* _TASK TO CARRY OUT_: This exercise asks for every line of the material that contains the word "Rutte".

* _PROVIDED MATERIAL_:

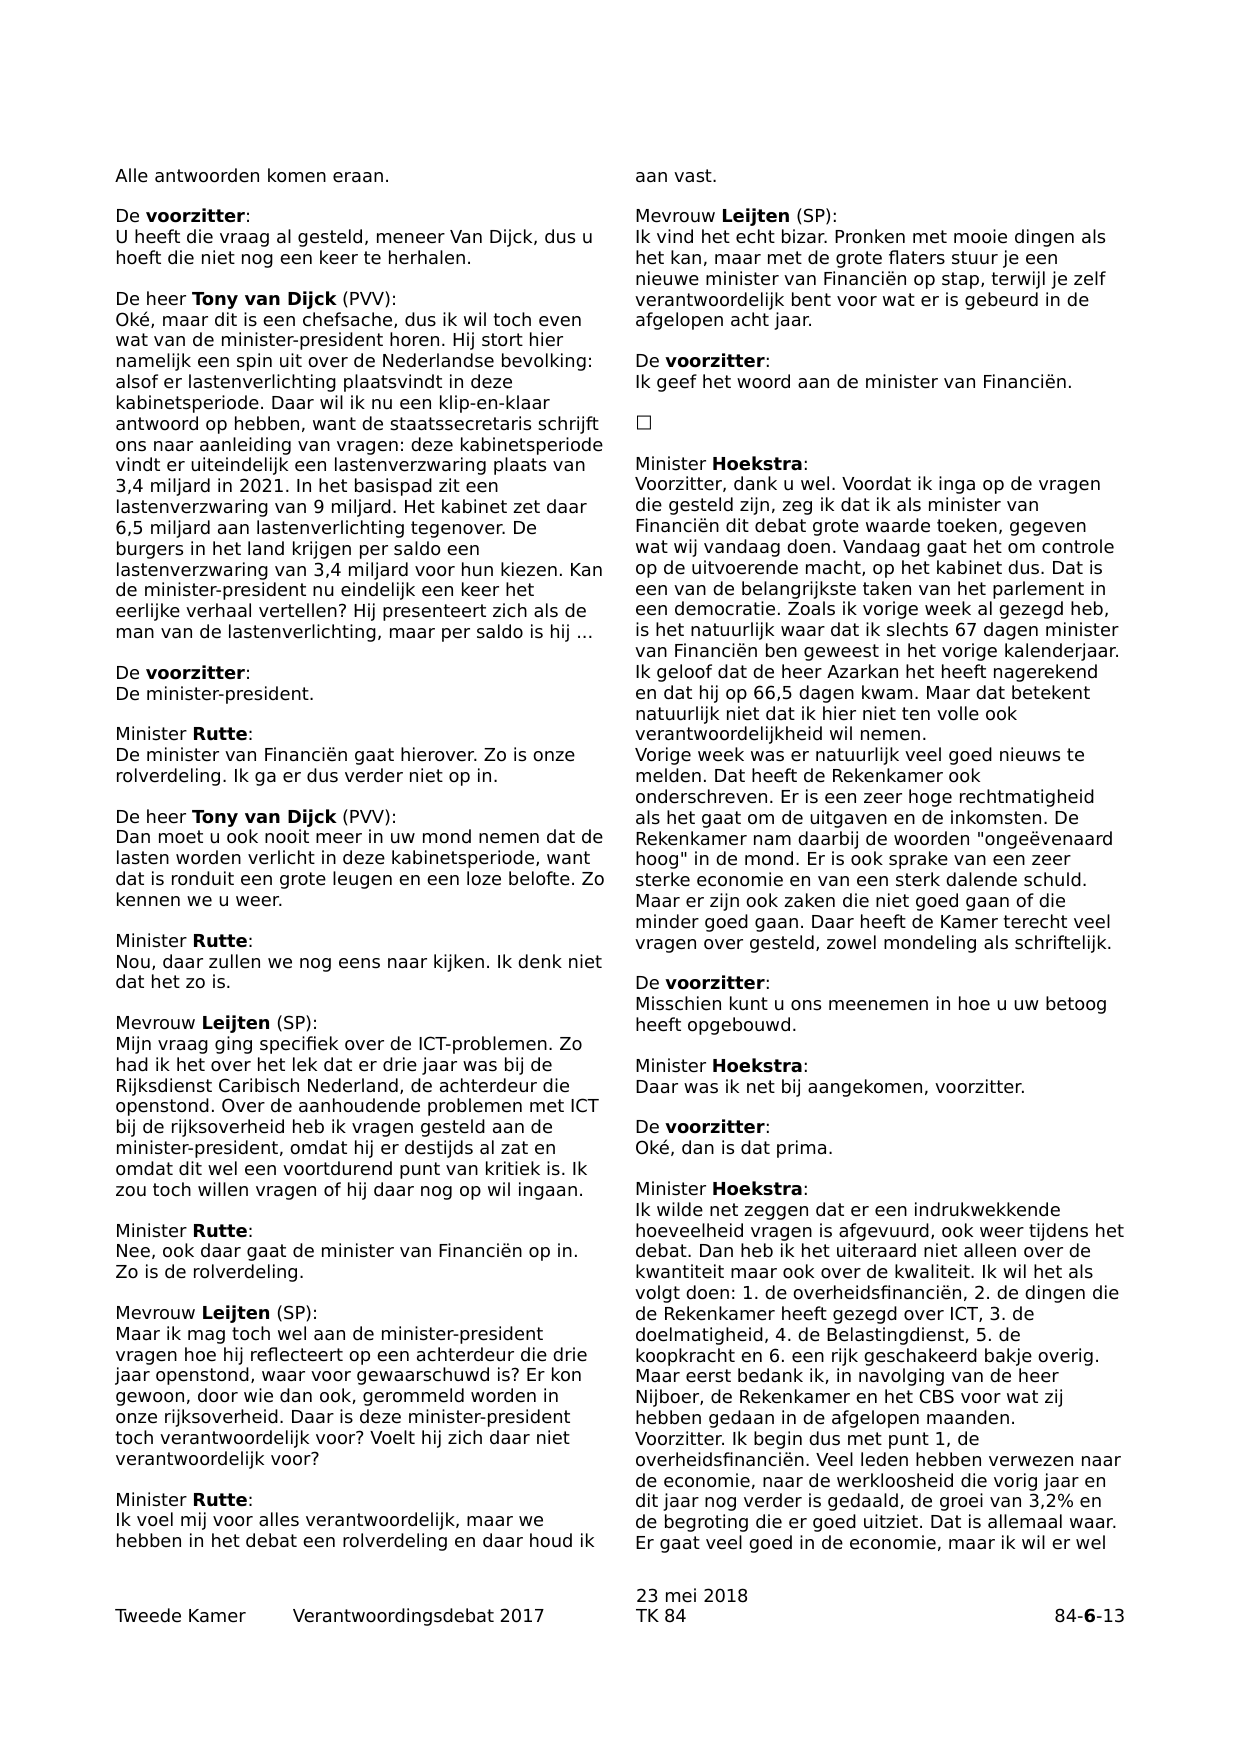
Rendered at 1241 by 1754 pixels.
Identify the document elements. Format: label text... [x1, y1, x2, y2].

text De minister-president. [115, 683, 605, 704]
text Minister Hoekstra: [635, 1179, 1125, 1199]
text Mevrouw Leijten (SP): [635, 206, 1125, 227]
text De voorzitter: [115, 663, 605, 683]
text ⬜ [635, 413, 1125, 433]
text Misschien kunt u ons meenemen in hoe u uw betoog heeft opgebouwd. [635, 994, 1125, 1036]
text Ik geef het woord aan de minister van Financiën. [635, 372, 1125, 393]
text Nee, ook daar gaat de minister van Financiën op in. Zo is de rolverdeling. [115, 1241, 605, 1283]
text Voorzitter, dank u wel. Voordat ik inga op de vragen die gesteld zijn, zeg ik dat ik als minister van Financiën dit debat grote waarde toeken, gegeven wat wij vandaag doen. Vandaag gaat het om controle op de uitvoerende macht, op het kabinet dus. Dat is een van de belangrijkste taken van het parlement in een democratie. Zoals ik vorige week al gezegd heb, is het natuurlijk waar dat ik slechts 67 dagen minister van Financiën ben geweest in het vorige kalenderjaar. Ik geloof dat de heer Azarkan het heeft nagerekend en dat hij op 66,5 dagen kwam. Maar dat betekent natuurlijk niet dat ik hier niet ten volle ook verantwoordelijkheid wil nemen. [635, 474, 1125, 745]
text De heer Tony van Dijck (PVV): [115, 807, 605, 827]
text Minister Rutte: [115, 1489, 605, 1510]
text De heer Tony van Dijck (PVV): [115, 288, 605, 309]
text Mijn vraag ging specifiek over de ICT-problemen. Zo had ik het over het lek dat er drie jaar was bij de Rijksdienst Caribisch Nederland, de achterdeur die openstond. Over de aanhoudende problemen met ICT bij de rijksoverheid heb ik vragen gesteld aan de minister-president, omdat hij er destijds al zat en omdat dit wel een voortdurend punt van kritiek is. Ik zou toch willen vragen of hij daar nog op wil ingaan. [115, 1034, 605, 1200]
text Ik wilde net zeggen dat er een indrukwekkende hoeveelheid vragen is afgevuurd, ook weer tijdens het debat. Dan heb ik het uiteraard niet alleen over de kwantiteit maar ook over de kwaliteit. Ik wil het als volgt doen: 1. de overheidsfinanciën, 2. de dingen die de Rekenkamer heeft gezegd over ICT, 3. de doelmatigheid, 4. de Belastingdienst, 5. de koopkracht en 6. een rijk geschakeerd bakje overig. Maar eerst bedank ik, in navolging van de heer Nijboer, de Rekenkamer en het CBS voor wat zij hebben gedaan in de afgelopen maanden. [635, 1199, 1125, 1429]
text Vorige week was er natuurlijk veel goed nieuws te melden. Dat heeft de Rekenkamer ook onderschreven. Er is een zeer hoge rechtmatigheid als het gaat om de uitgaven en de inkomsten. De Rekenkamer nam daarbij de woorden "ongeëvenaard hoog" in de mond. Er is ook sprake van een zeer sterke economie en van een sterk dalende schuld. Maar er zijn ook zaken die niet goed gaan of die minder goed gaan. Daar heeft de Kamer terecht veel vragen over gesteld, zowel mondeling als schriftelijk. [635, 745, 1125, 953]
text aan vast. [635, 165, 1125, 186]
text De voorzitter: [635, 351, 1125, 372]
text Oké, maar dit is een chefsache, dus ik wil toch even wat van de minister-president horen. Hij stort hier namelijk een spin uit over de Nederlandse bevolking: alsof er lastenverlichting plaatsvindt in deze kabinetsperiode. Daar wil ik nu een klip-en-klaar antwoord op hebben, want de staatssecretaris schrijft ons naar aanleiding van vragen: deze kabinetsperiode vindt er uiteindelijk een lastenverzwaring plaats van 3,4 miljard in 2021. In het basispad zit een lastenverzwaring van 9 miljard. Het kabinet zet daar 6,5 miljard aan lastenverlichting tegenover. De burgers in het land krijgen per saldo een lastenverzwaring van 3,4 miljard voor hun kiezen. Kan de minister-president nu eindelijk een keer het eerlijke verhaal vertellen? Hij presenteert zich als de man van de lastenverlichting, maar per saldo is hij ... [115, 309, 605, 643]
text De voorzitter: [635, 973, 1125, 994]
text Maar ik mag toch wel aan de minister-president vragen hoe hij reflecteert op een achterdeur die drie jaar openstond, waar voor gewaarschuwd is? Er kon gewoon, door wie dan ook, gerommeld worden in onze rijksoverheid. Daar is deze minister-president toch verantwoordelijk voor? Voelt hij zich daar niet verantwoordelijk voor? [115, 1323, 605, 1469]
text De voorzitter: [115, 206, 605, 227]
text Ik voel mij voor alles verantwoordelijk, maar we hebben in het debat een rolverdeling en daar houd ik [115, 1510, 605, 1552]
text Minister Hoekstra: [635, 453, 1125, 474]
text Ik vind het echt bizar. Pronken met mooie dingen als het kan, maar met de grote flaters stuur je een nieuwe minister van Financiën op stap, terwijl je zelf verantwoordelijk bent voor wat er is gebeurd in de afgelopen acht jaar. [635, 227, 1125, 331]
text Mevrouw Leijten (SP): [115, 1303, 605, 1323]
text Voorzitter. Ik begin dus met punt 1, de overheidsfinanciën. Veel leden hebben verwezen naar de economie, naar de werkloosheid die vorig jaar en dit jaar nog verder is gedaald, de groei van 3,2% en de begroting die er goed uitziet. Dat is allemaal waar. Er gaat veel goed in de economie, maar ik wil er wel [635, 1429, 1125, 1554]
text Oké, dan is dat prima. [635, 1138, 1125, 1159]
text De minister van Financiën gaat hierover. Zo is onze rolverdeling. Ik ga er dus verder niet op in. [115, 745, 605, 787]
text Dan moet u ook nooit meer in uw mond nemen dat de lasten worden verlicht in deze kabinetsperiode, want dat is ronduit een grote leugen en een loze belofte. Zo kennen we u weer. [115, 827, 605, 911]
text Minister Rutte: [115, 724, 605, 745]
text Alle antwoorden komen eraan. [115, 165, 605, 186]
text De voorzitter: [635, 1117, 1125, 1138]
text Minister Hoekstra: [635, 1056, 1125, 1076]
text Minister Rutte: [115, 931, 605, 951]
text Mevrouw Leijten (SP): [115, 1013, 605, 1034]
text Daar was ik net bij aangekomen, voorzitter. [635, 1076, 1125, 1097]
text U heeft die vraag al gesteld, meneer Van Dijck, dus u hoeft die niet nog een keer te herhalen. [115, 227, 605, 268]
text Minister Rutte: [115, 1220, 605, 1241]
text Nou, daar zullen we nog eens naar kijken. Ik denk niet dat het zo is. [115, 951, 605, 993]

* _PROBLEM SOLUTION_:
text Minister Rutte: [115, 1489, 605, 1510]
text Minister Rutte: [115, 724, 605, 745]
text Minister Rutte: [115, 931, 605, 951]
text Minister Rutte: [115, 1220, 605, 1241]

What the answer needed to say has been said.